• [PROMPT]:
Within the entries below, find each line containing the word "list" and copy it.

Data items:
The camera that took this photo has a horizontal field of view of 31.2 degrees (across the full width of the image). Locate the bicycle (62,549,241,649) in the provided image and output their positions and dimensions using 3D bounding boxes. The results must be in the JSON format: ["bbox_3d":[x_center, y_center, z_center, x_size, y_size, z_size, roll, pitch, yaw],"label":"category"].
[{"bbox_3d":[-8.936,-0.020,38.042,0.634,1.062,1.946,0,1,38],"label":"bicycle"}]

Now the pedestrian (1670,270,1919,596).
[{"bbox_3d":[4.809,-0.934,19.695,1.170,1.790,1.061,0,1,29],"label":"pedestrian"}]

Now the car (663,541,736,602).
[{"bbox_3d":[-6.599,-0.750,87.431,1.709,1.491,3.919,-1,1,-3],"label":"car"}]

--

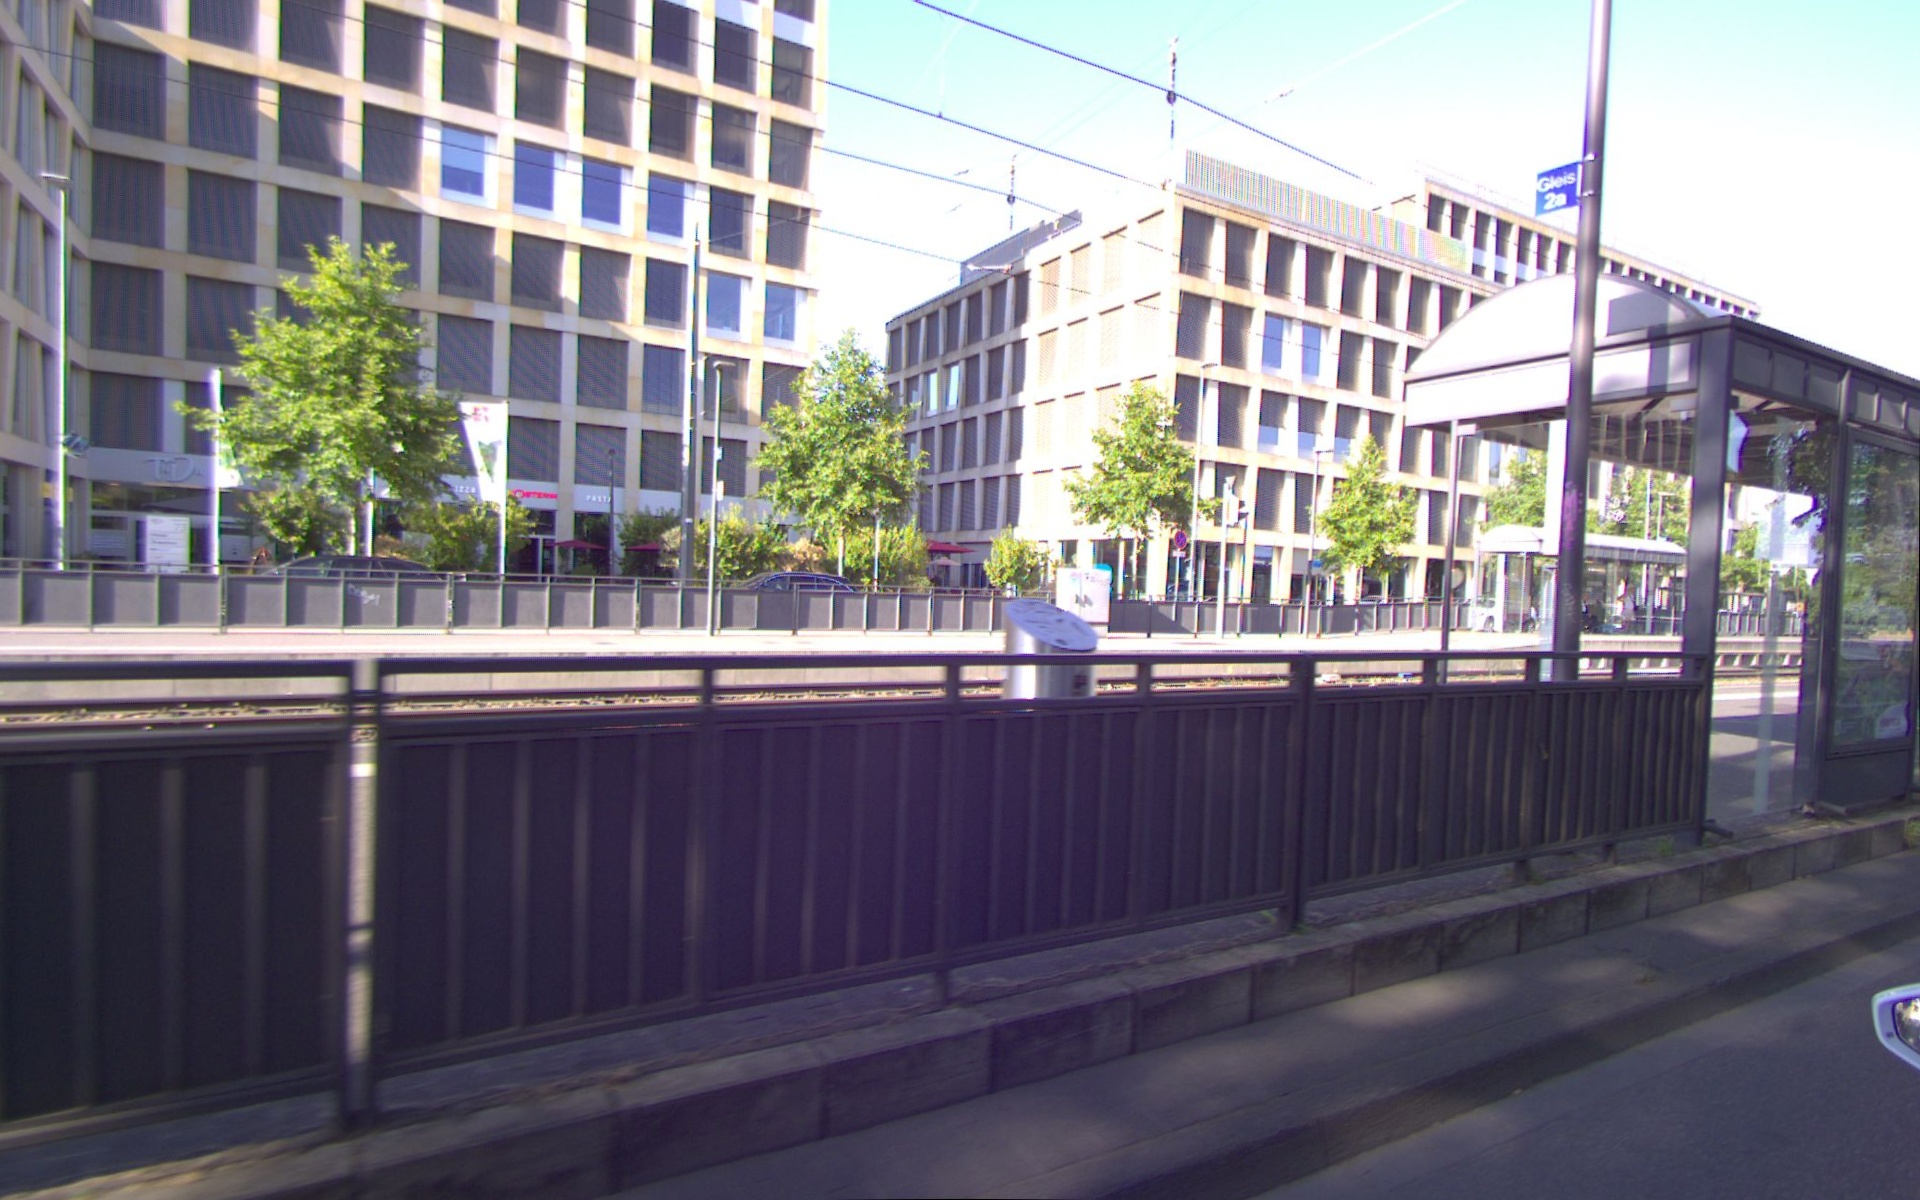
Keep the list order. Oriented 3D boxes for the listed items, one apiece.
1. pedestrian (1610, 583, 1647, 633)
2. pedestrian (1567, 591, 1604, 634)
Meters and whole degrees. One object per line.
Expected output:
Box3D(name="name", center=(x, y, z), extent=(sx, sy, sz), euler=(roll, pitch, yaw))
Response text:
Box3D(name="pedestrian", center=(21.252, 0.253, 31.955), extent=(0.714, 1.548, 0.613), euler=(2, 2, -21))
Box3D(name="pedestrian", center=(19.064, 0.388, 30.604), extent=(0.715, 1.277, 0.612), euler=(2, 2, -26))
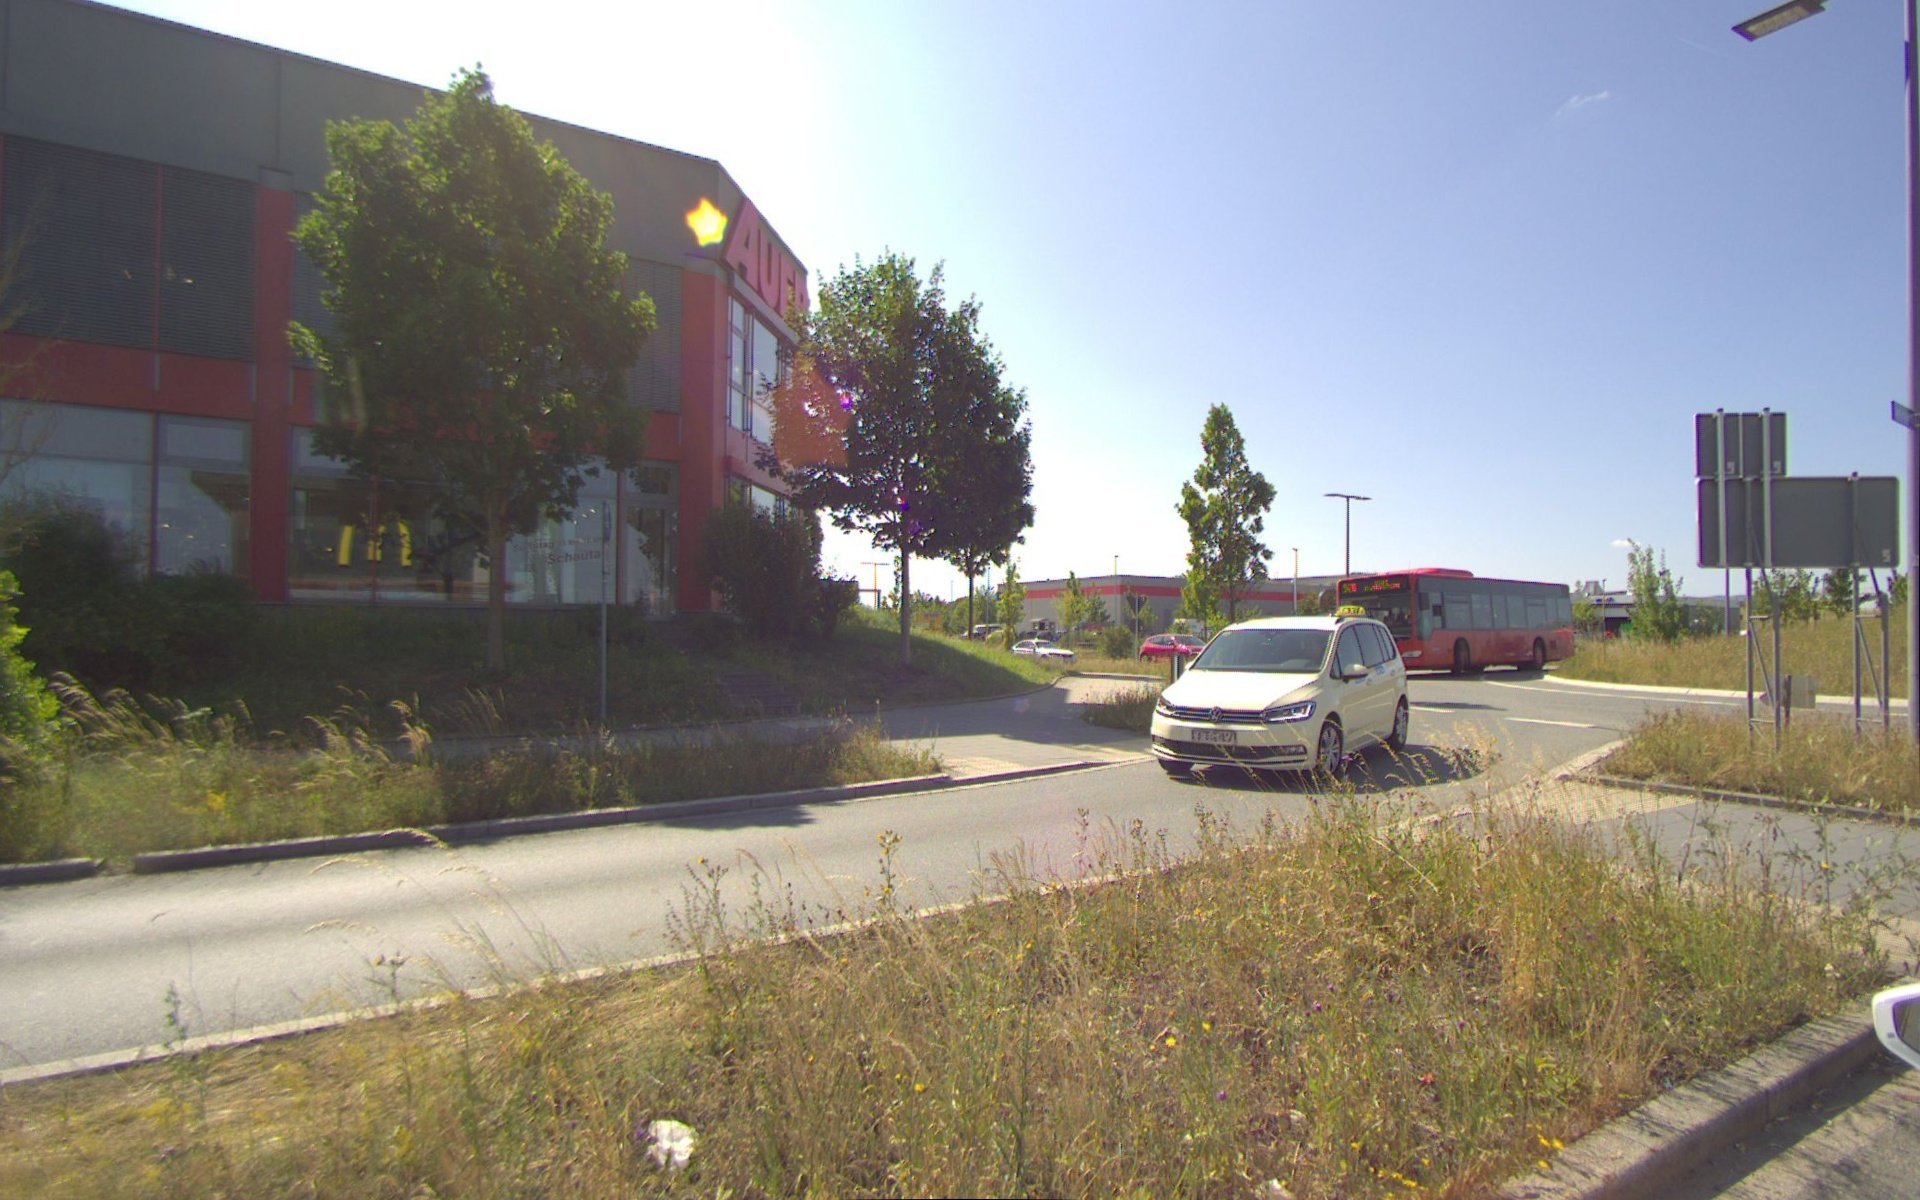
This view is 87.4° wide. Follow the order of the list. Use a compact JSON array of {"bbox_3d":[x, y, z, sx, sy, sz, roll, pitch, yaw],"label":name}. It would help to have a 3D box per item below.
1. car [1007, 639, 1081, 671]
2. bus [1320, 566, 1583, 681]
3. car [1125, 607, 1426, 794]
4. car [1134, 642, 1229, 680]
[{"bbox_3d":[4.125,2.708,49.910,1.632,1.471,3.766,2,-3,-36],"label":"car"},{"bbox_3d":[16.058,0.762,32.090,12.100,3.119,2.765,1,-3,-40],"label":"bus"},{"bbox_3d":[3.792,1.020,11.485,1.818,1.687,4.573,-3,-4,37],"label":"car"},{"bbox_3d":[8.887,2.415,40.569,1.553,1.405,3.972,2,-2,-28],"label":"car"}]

• [FINAL ANSWER]:
Keep the list order. Oriented 3D boxes for the listed items, one apiece.
This view is 87.4° wide. Follow the order of the list. Use a compact JSON array of {"bbox_3d":[x, y, z, sx, sy, sz, roll, pitch, yaw],"label":name}. It would help to have a 3D box per item below.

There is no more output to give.